Plants — especially native perennial grasses — provide the foundation for productive and profitable rangelands. But there hasn’t been an accurate and easy way to see how much grass is growing across large landscapes. Instead, landowners and resource managers had to leaf through 50-year-old resource surveys or laboriously cut, dry and weigh the plant material growing on a square meter of ground to get an estimate for a parcel of land. As for satellite imagery datasets or models that analyzed vegetation at broad scales, the information would normally come as enormous, unwieldy, often intractable files — ones that require special training to process.
Now, thanks to RAP, tracking plant growth across time and space is as simple as a few clicks of a mouse.
“We’re definitely not the first people to propose harnessing satellite data as a way to monitor vegetation,” Allred says. “We were simply able to serve it up in a way that makes it easy for everyone to use.”
Part of what makes RAP revolutionary is that it’s powered by Google Earth Engine, which lets anyone instantaneously visualize vegetation cover across the lower 48 states. The app gives an estimate of the percentage of annuals, perennials, shrubs, trees or bare ground. Data can be displayed and downloaded for a baseball-diamond-sized pasture or for the entire Great Plains — all in less than one minute.
Plus, app users can compare how plants have changed from year to year all the way back to 1984, when Landsat satellite imagery first began, or even month to month. This is handy for showing where unwanted trees are taking over prime prairie, where plows have removed native plants over the past decade or where invasive cheatgrass is increasing wildfire risk in the western U.S.’s Great Basin.

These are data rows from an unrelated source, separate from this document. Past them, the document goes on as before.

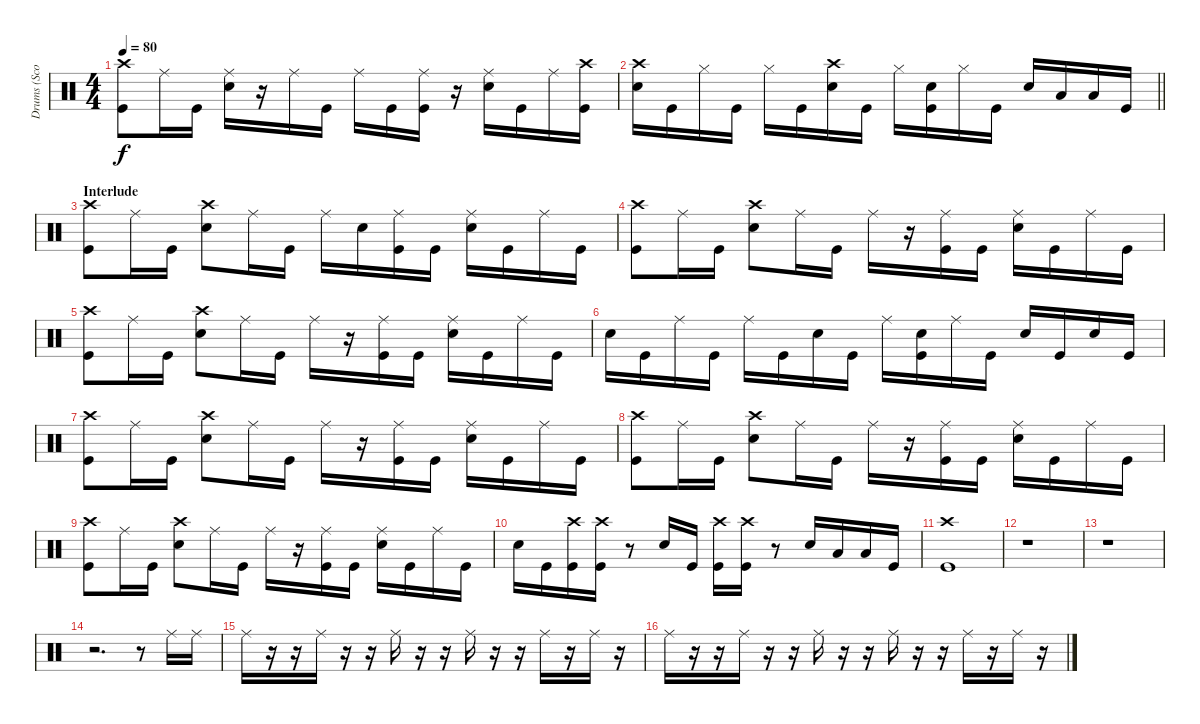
\track ("Drums (Scott Phillips)" "Drums (Sco") {instrument percussion}
\staff {score}
\articulation defaults
\ts (4 4)
\tempo 80
\clef neutral
\ks c
("Crash high (hit)" "Kick (hit)").8{dy f} "Ride (middle)".16 "Kick (hit)".16 ("Ride (middle)" "Snare (hit) 2").16 r.16 "Ride (middle)".16 "Kick (hit)".16 "Ride (middle)".16 "Kick (hit)".16 ("Ride (middle)" "Kick (hit)").16 r.16 ("Ride (middle)" "Snare (hit) 2").16 "Kick (hit)".16 "Ride (middle)".16 ("Crash high (hit)" "Kick (hit)").16 |
\barLineRight lightlight
("Crash high (hit)" "Snare (hit) 2").16 "Kick (hit)".16 "Hi-Hat (closed)".16 "Kick (hit)".16 "Hi-Hat (closed)".16 "Kick (hit)".16 ("Crash high (hit)" "Snare (hit) 2").16 "Kick (hit)".16 "Hi-Hat (closed)".16 ("Snare (hit) 2" "Kick (hit)").16 "Hi-Hat (closed)".16 "Kick (hit)".16 "Snare (hit) 2".16 "Low Tom (hit)".16 "Low Tom (hit)".16 "Kick (hit)".16 |
\section ("" "Interlude")
("Crash high (hit)" "Kick (hit)").8 "Ride (middle)".16 "Kick (hit)".16 ("Crash high (hit)" "Snare (hit) 2").8 "Ride (middle)".16 "Kick (hit)".16 "Ride (middle)".16 "Snare (hit) 2".16 ("Ride (middle)" "Kick (hit)").16 "Kick (hit)".16 ("Ride (middle)" "Snare (hit) 2").16 "Kick (hit)".16 "Ride (middle)".16 "Kick (hit)".16 |
("Crash high (hit)" "Kick (hit)").8 "Ride (middle)".16 "Kick (hit)".16 ("Crash high (hit)" "Snare (hit) 2").8 "Ride (middle)".16 "Kick (hit)".16 "Ride (middle)".16 r.16 ("Ride (middle)" "Kick (hit)").16 "Kick (hit)".16 ("Ride (middle)" "Snare (hit) 2").16 "Kick (hit)".16 "Ride (middle)".16 "Kick (hit)".16 |
("Crash high (hit)" "Kick (hit)").8 "Ride (middle)".16 "Kick (hit)".16 ("Crash high (hit)" "Snare (hit) 2").8 "Ride (middle)".16 "Kick (hit)".16 "Ride (middle)".16 r.16 ("Ride (middle)" "Kick (hit)").16 "Kick (hit)".16 ("Ride (middle)" "Snare (hit) 2").16 "Kick (hit)".16 "Ride (middle)".16 "Kick (hit)".16 |
"Snare (hit) 2".16 "Kick (hit)".16 "Ride (middle)".16 "Kick (hit)".16 "Ride (middle)".16 "Kick (hit)".16 "Snare (hit) 2".16 "Kick (hit)".16 "Ride (middle)".16 ("Snare (hit) 2" "Kick (hit)").16 "Ride (middle)".16 "Kick (hit)".16 "Snare (hit) 2".16 "Kick (hit)".16 "Snare (hit) 2".16 "Kick (hit)".16 |
("Crash high (hit)" "Kick (hit)").8 "Ride (middle)".16 "Kick (hit)".16 ("Crash high (hit)" "Snare (hit) 2").8 "Ride (middle)".16 "Kick (hit)".16 "Ride (middle)".16 r.16 ("Ride (middle)" "Kick (hit)").16 "Kick (hit)".16 ("Ride (middle)" "Snare (hit) 2").16 "Kick (hit)".16 "Ride (middle)".16 "Kick (hit)".16 |
("Crash high (hit)" "Kick (hit)").8 "Ride (middle)".16 "Kick (hit)".16 ("Crash high (hit)" "Snare (hit) 2").8 "Ride (middle)".16 "Kick (hit)".16 "Ride (middle)".16 r.16 ("Ride (middle)" "Kick (hit)").16 "Kick (hit)".16 ("Ride (middle)" "Snare (hit) 2").16 "Kick (hit)".16 "Ride (middle)".16 "Kick (hit)".16 |
("Crash high (hit)" "Kick (hit)").8 "Ride (middle)".16 "Kick (hit)".16 ("Crash high (hit)" "Snare (hit) 2").8 "Ride (middle)".16 "Kick (hit)".16 "Ride (middle)".16 r.16 ("Ride (middle)" "Kick (hit)").16 "Kick (hit)".16 ("Ride (middle)" "Snare (hit) 2").16 "Kick (hit)".16 "Ride (middle)".16 "Kick (hit)".16 |
"Snare (hit) 2".16 "Kick (hit)".16 ("Crash high (hit)" "Kick (hit)").16 ("Crash high (hit)" "Kick (hit)").16 r.8 "Snare (hit) 2".16 "Kick (hit)".16 ("Crash high (hit)" "Kick (hit)").16 ("Crash high (hit)" "Kick (hit)").16 r.8 "Snare (hit) 2".16 "Low Tom (hit)".16 "Low Tom (hit)".16 "Kick (hit)".16 |
("Crash high (hit)" "Kick (hit)").1 |
r.1 |
r.1 |
r.2{d} r.8 "Ride (middle)".16 "Ride (middle)".16 |
"Ride (middle)".16 r.16 r.16 "Ride (middle)".16 r.16 r.16 "Ride (middle)".16 r.16 r.16 "Ride (middle)".16 r.16 r.16 "Ride (middle)".16 r.16 "Ride (middle)".16 r.16 |
"Ride (middle)".16 r.16 r.16 "Ride (middle)".16 r.16 r.16 "Ride (middle)".16 r.16 r.16 "Ride (middle)".16 r.16 r.16 "Ride (middle)".16 r.16 "Ride (middle)".16 r.16
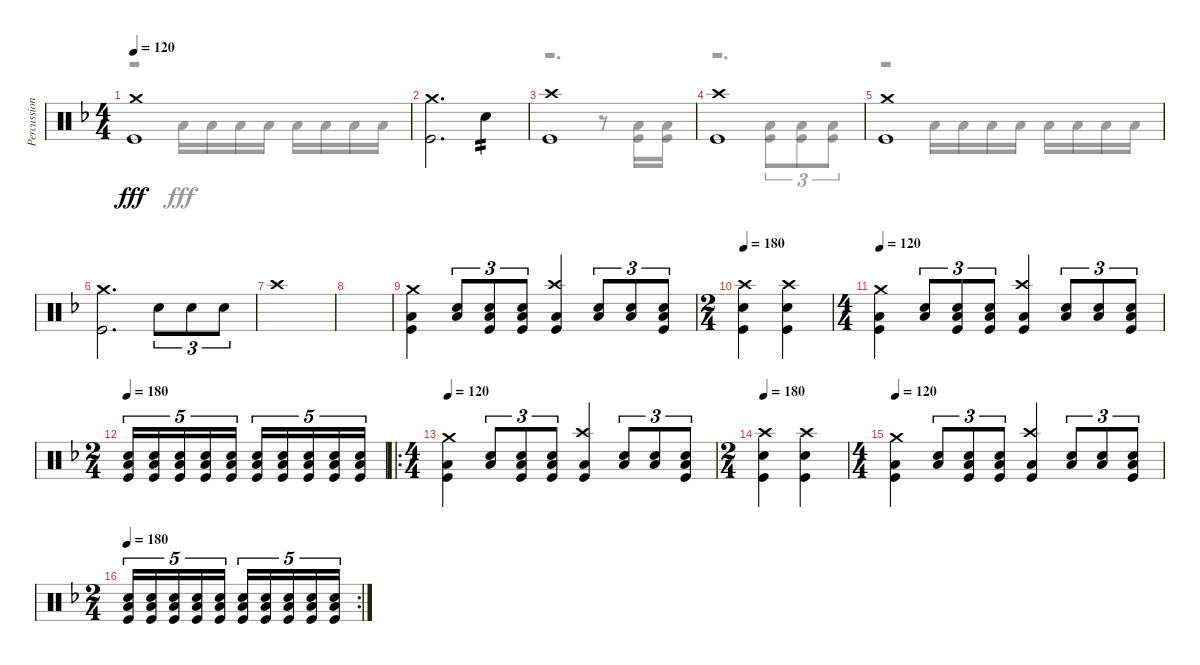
\track ("Percussion" "Percussion") {instrument percussion}
\staff {score}
\articulation defaults
\voice
\ts (4 4)
\tempo 120
\clef neutral
\ks dminor
("Crash medium (hit)" "Kick (hit)").1{dy fff} |
("Crash medium (hit)" "Kick (hit)").2{d} "Electric Snare (hit)".4{tp 2} |
("Crash high (hit)" "Kick (hit)").1 |
("Crash high (hit)" "Kick (hit)").1 |
("Crash medium (hit)" "Kick (hit)").1 |
("Crash medium (hit)" "Kick (hit)").2{d} "Electric Snare (hit)".8{tu (3 2)} "Electric Snare (hit)".8{tu (3 2)} "Electric Snare (hit)".8{tu (3 2)} |
"Crash high (hit)".1 |
|
("Crash medium (hit)" "Low Floor Tom (hit)" "Kick (hit)").4 ("Low Tom (hit)" "Electric Snare (hit)").8{tu (3 2)} ("Low Tom (hit)" "Electric Snare (hit)" "Kick (hit)").8{tu (3 2)} ("Low Tom (hit)" "Electric Snare (hit)" "Kick (hit)").8{tu (3 2)} ("Crash high (hit)" "Low Floor Tom (hit)" "Kick (hit)").4 ("Low Tom (hit)" "Electric Snare (hit)").8{tu (3 2)} ("Low Tom (hit)" "Electric Snare (hit)").8{tu (3 2)} ("Low Tom (hit)" "Electric Snare (hit)" "Kick (hit)").8{tu (3 2)} |
\ts (2 4)
\tempo 180
("Crash high (hit)" "Electric Snare (hit)" "Kick (hit)").4 ("Crash high (hit)" "Electric Snare (hit)" "Kick (hit)").4 |
\ts (4 4)
\tempo 120
("Crash medium (hit)" "Low Floor Tom (hit)" "Kick (hit)").4 ("Low Tom (hit)" "Electric Snare (hit)").8{tu (3 2)} ("Low Tom (hit)" "Electric Snare (hit)" "Kick (hit)").8{tu (3 2)} ("Low Tom (hit)" "Electric Snare (hit)" "Kick (hit)").8{tu (3 2)} ("Crash high (hit)" "Low Floor Tom (hit)" "Kick (hit)").4 ("Low Tom (hit)" "Electric Snare (hit)").8{tu (3 2)} ("Low Tom (hit)" "Electric Snare (hit)").8{tu (3 2)} ("Low Tom (hit)" "Electric Snare (hit)" "Kick (hit)").8{tu (3 2)} |
\ts (2 4)
\tempo 180
("Electric Snare (hit)" "Low Floor Tom (hit)" "Kick (hit)").16{tu (5 4)} ("Electric Snare (hit)" "Low Floor Tom (hit)" "Kick (hit)").16{tu (5 4)} ("Electric Snare (hit)" "Low Floor Tom (hit)" "Kick (hit)").16{tu (5 4)} ("Electric Snare (hit)" "Low Floor Tom (hit)" "Kick (hit)").16{tu (5 4)} ("Electric Snare (hit)" "Low Floor Tom (hit)" "Kick (hit)").16{tu (5 4)} ("Electric Snare (hit)" "Low Tom (hit)" "Kick (hit)").16{tu (5 4)} ("Electric Snare (hit)" "Low Tom (hit)" "Kick (hit)").16{tu (5 4)} ("Electric Snare (hit)" "Low Tom (hit)" "Kick (hit)").16{tu (5 4)} ("Electric Snare (hit)" "Low Tom (hit)" "Kick (hit)").16{tu (5 4)} ("Electric Snare (hit)" "Low Tom (hit)" "Kick (hit)").16{tu (5 4)} |
\ro
\ts (4 4)
\tempo 120
("Crash medium (hit)" "Low Floor Tom (hit)" "Kick (hit)").4 ("Low Tom (hit)" "Electric Snare (hit)").8{tu (3 2)} ("Low Tom (hit)" "Electric Snare (hit)" "Kick (hit)").8{tu (3 2)} ("Low Tom (hit)" "Electric Snare (hit)" "Kick (hit)").8{tu (3 2)} ("Crash high (hit)" "Low Floor Tom (hit)" "Kick (hit)").4 ("Low Tom (hit)" "Electric Snare (hit)").8{tu (3 2)} ("Low Tom (hit)" "Electric Snare (hit)").8{tu (3 2)} ("Low Tom (hit)" "Electric Snare (hit)" "Kick (hit)").8{tu (3 2)} |
\ts (2 4)
\tempo 180
("Crash high (hit)" "Electric Snare (hit)" "Kick (hit)").4 ("Crash high (hit)" "Electric Snare (hit)" "Kick (hit)").4 |
\ts (4 4)
\tempo 120
("Crash medium (hit)" "Low Floor Tom (hit)" "Kick (hit)").4 ("Low Tom (hit)" "Electric Snare (hit)").8{tu (3 2)} ("Low Tom (hit)" "Electric Snare (hit)" "Kick (hit)").8{tu (3 2)} ("Low Tom (hit)" "Electric Snare (hit)" "Kick (hit)").8{tu (3 2)} ("Crash high (hit)" "Low Floor Tom (hit)" "Kick (hit)").4 ("Low Tom (hit)" "Electric Snare (hit)").8{tu (3 2)} ("Low Tom (hit)" "Electric Snare (hit)").8{tu (3 2)} ("Low Tom (hit)" "Electric Snare (hit)" "Kick (hit)").8{tu (3 2)} |
\rc 2
\ts (2 4)
\tempo 180
("Electric Snare (hit)" "Low Floor Tom (hit)" "Kick (hit)").16{tu (5 4)} ("Electric Snare (hit)" "Low Floor Tom (hit)" "Kick (hit)").16{tu (5 4)} ("Electric Snare (hit)" "Low Floor Tom (hit)" "Kick (hit)").16{tu (5 4)} ("Electric Snare (hit)" "Low Floor Tom (hit)" "Kick (hit)").16{tu (5 4)} ("Electric Snare (hit)" "Low Floor Tom (hit)" "Kick (hit)").16{tu (5 4)} ("Electric Snare (hit)" "Low Tom (hit)" "Kick (hit)").16{tu (5 4)} ("Electric Snare (hit)" "Low Tom (hit)" "Kick (hit)").16{tu (5 4)} ("Electric Snare (hit)" "Low Tom (hit)" "Kick (hit)").16{tu (5 4)} ("Electric Snare (hit)" "Low Tom (hit)" "Kick (hit)").16{tu (5 4)} ("Electric Snare (hit)" "Low Tom (hit)" "Kick (hit)").16{tu (5 4)}
\voice
\clef neutral
\ottava regular
\simile none
\ks dminor
r.2{dy fff} "Low Tom (hit)".16 "Low Tom (hit)".16 "Low Tom (hit)".16 "Low Tom (hit)".16 "Low Floor Tom (hit)".16 "Low Floor Tom (hit)".16 "Low Floor Tom (hit)".16 "Low Floor Tom (hit)".16 |
|
r.2{d} r.8 ("Low Floor Tom (hit)" "Kick (hit)").16 ("Low Floor Tom (hit)" "Kick (hit)").16 |
r.2{d} ("Low Tom (hit)" "Kick (hit)").8{tu (3 2)} ("Low Tom (hit)" "Kick (hit)").8{tu (3 2)} ("Low Tom (hit)" "Kick (hit)").8{tu (3 2)} |
r.2 "Low Tom (hit)".16 "Low Tom (hit)".16 "Low Tom (hit)".16 "Low Tom (hit)".16 "Low Floor Tom (hit)".16 "Low Floor Tom (hit)".16 "Low Floor Tom (hit)".16 "Low Floor Tom (hit)".16 |
|
|
|
|
|
|
|
|
|
|

Private landowners across the West are finding immense value in being able to track vegetation. A rancher in Wyoming can quickly create a map showing where to target weed treatments and then evaluate whether it boosted range health. A farmer in Kansas can calculate how much grass has been lost to encroaching eastern redcedar trees. A livestock owner in Oregon can see how a bad drought-affected high-elevation pastures.
Government agencies also are jumping at the chance to use this powerful app. Public land managers like the Bureau of Land Management and the U.S. Forest Service are using RAP to track the health of grazing allotments, evaluate outcomes from restoration projects and identify where to conserve habitat for imperiled species like sage grouse. The USDA’s Natural Resources Conservation Service is integrating RAP into its field assessments on private agricultural lands to help create sustainable grazing plans that protect water, soil and grass.
According to RAP co-creator Naugle, who is also a science adviser for NRCS Working Lands for Wildlife, the app gives “supporting evidence” for how, where and why to conserve rangelands in the American West.
“From a wildlife perspective, we need large, resilient, interconnected landscapes,” Naugle says. “RAP gives us a way to surgically address the biggest threats facing these at-risk biomes: encroaching trees, invasive annual grasses and land conversion.”
In the Great Plains, Naugle points to landowner-led groups who are using RAP to plan prescribed burns that will keep eastern redcedar at bay and restore prairies. In eastern Montana’s grasslands, the Nature Conservancy is using RAP to pinpoint where conservation easements can protect biodiverse grasslands from being plowed up to become marginal cropland. RAP’s online platform also includes a tool that overlays an area’s resilience and resistance to stressors like drought or wildfire.
“RAP is providing the spatial context for targeting almost $1 billion of federal Farm Bill conservation investments in the West,” says Naugle. “It’s big data meets cowboy boots, and it’s a win for everyone.”
Scientists also are using RAP to answer important research questions. For instance, Joseph Smith with UM’s Numerical Terradynamic Simulation Group — which has designed software for NASA environmental monitoring satellites — is using RAP to better predict wildfires. He recently published a RAP-powered study that evaluated how much of the Great Basin has been overtaken by highly flammable cheatgrass, which helps resource managers identify and maintain remaining strongholds of healthy, native plants.
Another NTSG researcher, Scott Morford, is using RAP to model yield gaps on rangeland — how much grass the land could produce versus how much it actually produces — which is the first step for understanding how and where to restore the land’s productivity.
Allred says the team plans to continue to improve and build upon these datasets, as well as create new ones.
“All of us believe in the co-production of science,” Allred says. “That means first listening to what people need from researchers, and then going the very last mile to get that information into their hands so they can change the world.” •